# Feeding frequency



## LynnC (Nov 14, 2015)

My pup will be 9 weeks tomorrow. My vet said to feed her 1/2 cup 3X a day. She inhales it like she hasn't eaten for days! She seems to be doing fine otherwise and growing nicely. BTW I'm in the process of changing her food gradually to Natures Variety Instinct.


----------



## nolefan (Nov 6, 2009)

If you think he's really hungry and want to try breaking his food down into 3 feedings, go ahead. Discuss it with your vet as well and keep close track of your puppy's weight gain. That will let you know if he needs to have more food in another month or two.

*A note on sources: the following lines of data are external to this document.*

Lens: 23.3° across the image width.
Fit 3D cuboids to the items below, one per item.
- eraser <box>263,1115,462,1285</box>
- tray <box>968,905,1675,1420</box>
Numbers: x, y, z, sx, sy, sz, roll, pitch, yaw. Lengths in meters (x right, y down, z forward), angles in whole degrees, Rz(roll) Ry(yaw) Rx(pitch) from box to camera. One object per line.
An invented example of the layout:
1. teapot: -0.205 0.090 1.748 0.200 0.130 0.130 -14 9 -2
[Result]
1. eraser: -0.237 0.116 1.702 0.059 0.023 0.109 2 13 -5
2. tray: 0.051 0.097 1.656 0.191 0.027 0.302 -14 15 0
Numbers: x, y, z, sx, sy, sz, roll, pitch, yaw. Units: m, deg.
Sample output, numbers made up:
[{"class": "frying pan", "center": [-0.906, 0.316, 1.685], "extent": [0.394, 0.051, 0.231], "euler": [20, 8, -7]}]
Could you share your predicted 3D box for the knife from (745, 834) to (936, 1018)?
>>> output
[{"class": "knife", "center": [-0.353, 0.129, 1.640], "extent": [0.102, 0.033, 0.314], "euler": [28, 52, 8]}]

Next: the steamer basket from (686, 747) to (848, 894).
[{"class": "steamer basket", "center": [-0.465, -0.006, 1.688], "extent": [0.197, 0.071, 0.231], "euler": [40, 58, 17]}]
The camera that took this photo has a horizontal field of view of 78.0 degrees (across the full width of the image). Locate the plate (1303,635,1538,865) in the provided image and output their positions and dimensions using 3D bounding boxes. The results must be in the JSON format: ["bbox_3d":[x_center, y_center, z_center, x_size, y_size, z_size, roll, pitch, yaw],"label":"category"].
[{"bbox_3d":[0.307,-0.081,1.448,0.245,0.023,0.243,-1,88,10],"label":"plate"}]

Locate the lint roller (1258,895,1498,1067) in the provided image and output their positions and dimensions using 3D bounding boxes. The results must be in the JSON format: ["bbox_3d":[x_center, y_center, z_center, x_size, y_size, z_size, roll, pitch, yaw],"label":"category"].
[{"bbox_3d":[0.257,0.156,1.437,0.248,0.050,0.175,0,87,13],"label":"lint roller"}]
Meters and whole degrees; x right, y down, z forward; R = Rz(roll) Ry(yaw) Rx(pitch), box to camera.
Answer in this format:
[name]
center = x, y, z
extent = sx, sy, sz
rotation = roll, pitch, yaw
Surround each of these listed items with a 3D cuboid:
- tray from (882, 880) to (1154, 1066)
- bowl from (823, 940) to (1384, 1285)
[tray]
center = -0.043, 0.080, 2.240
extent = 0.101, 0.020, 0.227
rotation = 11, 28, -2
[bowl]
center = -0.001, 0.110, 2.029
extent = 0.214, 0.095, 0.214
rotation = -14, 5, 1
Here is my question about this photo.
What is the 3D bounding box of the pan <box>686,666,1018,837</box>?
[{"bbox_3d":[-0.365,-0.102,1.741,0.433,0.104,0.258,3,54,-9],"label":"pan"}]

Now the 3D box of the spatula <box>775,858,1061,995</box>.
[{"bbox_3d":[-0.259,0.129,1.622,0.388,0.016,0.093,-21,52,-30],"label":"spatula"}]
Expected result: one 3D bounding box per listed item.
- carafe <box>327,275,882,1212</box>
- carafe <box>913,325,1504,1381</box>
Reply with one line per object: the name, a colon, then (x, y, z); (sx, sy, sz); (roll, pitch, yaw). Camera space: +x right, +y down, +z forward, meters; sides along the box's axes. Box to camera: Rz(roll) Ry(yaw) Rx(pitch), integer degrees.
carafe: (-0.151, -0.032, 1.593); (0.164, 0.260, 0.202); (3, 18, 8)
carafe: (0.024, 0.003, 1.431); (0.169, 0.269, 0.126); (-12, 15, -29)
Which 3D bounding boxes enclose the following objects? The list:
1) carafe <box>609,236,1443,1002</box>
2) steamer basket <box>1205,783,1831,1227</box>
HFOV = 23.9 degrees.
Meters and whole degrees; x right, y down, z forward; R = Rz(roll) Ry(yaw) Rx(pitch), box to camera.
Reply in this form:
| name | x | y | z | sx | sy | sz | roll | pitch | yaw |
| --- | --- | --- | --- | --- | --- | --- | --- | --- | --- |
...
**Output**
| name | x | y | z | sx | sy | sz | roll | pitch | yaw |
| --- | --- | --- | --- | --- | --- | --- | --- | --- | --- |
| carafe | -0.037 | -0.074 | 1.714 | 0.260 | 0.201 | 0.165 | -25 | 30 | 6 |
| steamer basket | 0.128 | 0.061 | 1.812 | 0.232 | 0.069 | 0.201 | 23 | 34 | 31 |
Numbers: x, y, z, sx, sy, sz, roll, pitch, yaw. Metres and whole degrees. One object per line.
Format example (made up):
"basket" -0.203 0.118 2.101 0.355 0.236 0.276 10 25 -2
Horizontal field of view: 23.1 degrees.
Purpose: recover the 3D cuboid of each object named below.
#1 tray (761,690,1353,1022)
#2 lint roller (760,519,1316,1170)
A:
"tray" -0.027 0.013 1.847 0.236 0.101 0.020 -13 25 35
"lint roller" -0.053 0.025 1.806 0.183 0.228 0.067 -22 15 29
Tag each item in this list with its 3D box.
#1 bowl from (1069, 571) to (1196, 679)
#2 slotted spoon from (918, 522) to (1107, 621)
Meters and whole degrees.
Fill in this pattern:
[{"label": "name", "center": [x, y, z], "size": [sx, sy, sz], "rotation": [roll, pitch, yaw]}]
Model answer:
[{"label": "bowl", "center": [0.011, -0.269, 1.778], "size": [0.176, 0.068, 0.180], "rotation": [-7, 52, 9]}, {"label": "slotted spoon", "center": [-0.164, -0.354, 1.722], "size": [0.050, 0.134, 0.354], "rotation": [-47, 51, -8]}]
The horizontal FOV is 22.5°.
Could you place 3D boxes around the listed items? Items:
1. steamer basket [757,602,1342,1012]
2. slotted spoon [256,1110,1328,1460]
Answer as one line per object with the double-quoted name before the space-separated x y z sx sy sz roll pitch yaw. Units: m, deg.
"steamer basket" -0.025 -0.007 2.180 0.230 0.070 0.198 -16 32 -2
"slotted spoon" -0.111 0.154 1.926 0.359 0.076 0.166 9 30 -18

Here is some reading you might be interested in:

Retrievers

Keeping your puppy on an even growth trajectory (not letting him get too big too fast) is ideal for his growing joints. I wouldn't try to have him lose weight at this age, just keep tabs that he doesn't start growing too fast. None of this will change his adult size, it just slows down the rate at which he arrives at that size. Take lots of photos  Your baby will grow in his sleep and you will wonder where your cute little fluff ball went before you know it


----------



## reap76 (Dec 15, 2015)

Friday he'll be 9 weeks and he's at 11 lbs. Based on that article he's falling into a good range so far. Thanks for the info


----------



## NicoleGold (Dec 8, 2015)

I think whether you do 2 or 3 meals is up to you. For our oldest, we fed him 3 meals a day because that is what we'd read you were "supposed to do", but all of our other dogs have been on 2 meals a day since we brought them home.


----------



## Sweet Girl (Jun 10, 2010)

For sure, if you think your dog will do better with a third meal, add it. It can definitely make a difference. I noticed my pup took longer to settle after her second big outing of the day after I stopped feeding her after it. I reintroduced the meal, and she would settle and sleep. She's 2.5 years old, and I still feed her three times a day. Some dogs just do better with three smaller meals.


----------



## AngelCoopersMom (Oct 15, 2015)

I've been wondering about this. The breeder (not sure how great) was feeding the tiny puppies 2 times a day. When we took him to Puppy K the trainer said she recommended 3 times when they are tiny. By the time he was 14 weeks he was back down to 2 times though. He eats 2 cups 2x a day. Seems like a lot more than y'all are feeding but he seems like he's starving a feedings.


----------



## cgriffin (Nov 30, 2011)

At that age, the pup should still get three feedings a day in the total daily amount of about 1.5 cups split into three smaller amounts. Weight gain at that age should be 1-2 pounds a week. During growth spurt periods - the weight gain can suddenly be 3 pounds that week, which is okay but will back down to about 2 again after the growth spurt. 

I am wondering about why you did not know to feed Pro Plan like the breeder did - I so don't like Blue Wilderness. So many dogs get stomach issues from that because it is too rich and has much controversy about it. I also really don't believe in grain free for puppies. But that is me.........

I really like Pro Plan Focus Large Breed puppy formula, my boy did really well on it and was fed that formula till he was about 13 months old.


----------



## lavellino (Nov 20, 2015)

We have a 10 month golden (boy who is neutered), vet says to give him almost 5 cups, we are giving him 4 cups and he seems to be a little on the heavy side. Are there any issues if we cut the food back to 3 to 3.5 cups a day? he goes to daycare 4 days a week so he is very active. he is eating HP food since he is allergic to chicken.


----------



## SunnynSey (Jan 17, 2015)

I would go with feeding 3 times a day. I once worked with a vet who said she say more upset tummy issues in pups who were fed twice a day versus three. She usually recommended switching to 2 times a day after six months of age.


----------



## lavellino (Nov 20, 2015)

Thanks, our pup os 10 months of age and down to 2 times a day on the feeding schedule. I sent a note to our vet to see if we should change the amount of food or anything else.


----------